**WORK INSTRUCTIONS**
Each line from the one that contains "#2 dvd case (252,340,719,466)" through the last line of the listing below is to be returned exactly as it stands, and nothing else.

**RECORD SET**
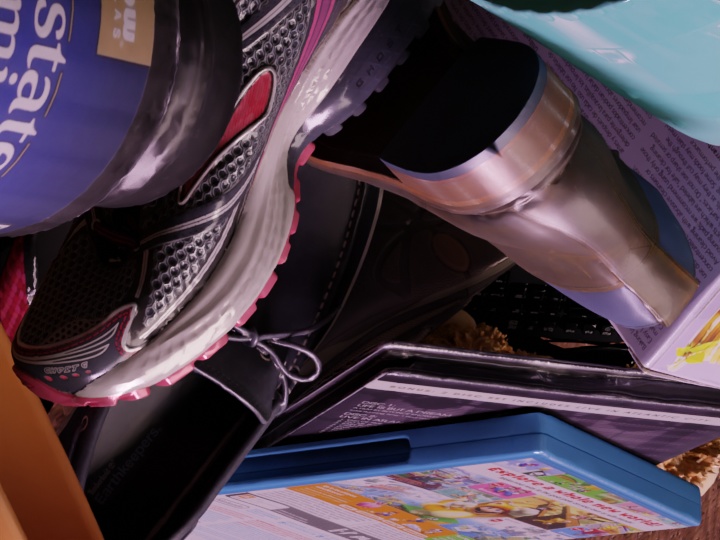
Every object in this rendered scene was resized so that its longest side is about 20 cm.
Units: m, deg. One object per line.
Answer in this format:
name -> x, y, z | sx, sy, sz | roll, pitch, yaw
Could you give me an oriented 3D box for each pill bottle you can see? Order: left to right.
pill bottle -> -0.119, -0.067, 0.768 | 0.112, 0.112, 0.200 | -52, 155, 17

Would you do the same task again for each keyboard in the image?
keyboard -> 0.124, 0.023, 1.244 | 0.199, 0.040, 0.104 | 4, 141, -5

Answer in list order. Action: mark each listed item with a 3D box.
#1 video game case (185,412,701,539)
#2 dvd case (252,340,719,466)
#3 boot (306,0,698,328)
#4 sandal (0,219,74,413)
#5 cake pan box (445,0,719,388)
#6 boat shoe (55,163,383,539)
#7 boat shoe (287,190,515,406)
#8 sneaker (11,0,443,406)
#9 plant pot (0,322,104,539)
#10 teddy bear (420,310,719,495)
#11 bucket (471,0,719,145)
video game case -> 0.012, 0.087, 1.105 | 0.199, 0.018, 0.143 | -9, 161, 29
dvd case -> 0.041, 0.063, 1.080 | 0.148, 0.016, 0.200 | 7, 163, -20
boot -> 0.038, -0.035, 0.958 | 0.075, 0.200, 0.097 | -47, 114, -1
sandal -> -0.101, -0.002, 0.981 | 0.075, 0.045, 0.200 | -21, 147, -44
cake pan box -> 0.119, -0.091, 1.002 | 0.052, 0.200, 0.184 | 16, 121, -45
boat shoe -> -0.051, 0.028, 1.033 | 0.200, 0.075, 0.062 | -56, -162, -5
boat shoe -> 0.000, 0.000, 1.129 | 0.200, 0.075, 0.073 | -28, 163, -13
sneaker -> -0.055, -0.049, 0.911 | 0.075, 0.081, 0.200 | 37, 79, -40
plant pot -> -0.163, 0.084, 0.873 | 0.140, 0.201, 0.200 | -25, 155, 0
teddy bear -> 0.071, 0.061, 1.231 | 0.199, 0.145, 0.067 | 16, 79, -26
bucket -> 0.110, -0.146, 0.889 | 0.135, 0.207, 0.207 | 19, 115, -50

**OUTPUT FOR THIS TASK**
#2 dvd case (252,340,719,466)
#3 boot (306,0,698,328)
#4 sandal (0,219,74,413)
#5 cake pan box (445,0,719,388)
#6 boat shoe (55,163,383,539)
#7 boat shoe (287,190,515,406)
#8 sneaker (11,0,443,406)
#9 plant pot (0,322,104,539)
#10 teddy bear (420,310,719,495)
#11 bucket (471,0,719,145)
video game case -> 0.012, 0.087, 1.105 | 0.199, 0.018, 0.143 | -9, 161, 29
dvd case -> 0.041, 0.063, 1.080 | 0.148, 0.016, 0.200 | 7, 163, -20
boot -> 0.038, -0.035, 0.958 | 0.075, 0.200, 0.097 | -47, 114, -1
sandal -> -0.101, -0.002, 0.981 | 0.075, 0.045, 0.200 | -21, 147, -44
cake pan box -> 0.119, -0.091, 1.002 | 0.052, 0.200, 0.184 | 16, 121, -45
boat shoe -> -0.051, 0.028, 1.033 | 0.200, 0.075, 0.062 | -56, -162, -5
boat shoe -> 0.000, 0.000, 1.129 | 0.200, 0.075, 0.073 | -28, 163, -13
sneaker -> -0.055, -0.049, 0.911 | 0.075, 0.081, 0.200 | 37, 79, -40
plant pot -> -0.163, 0.084, 0.873 | 0.140, 0.201, 0.200 | -25, 155, 0
teddy bear -> 0.071, 0.061, 1.231 | 0.199, 0.145, 0.067 | 16, 79, -26
bucket -> 0.110, -0.146, 0.889 | 0.135, 0.207, 0.207 | 19, 115, -50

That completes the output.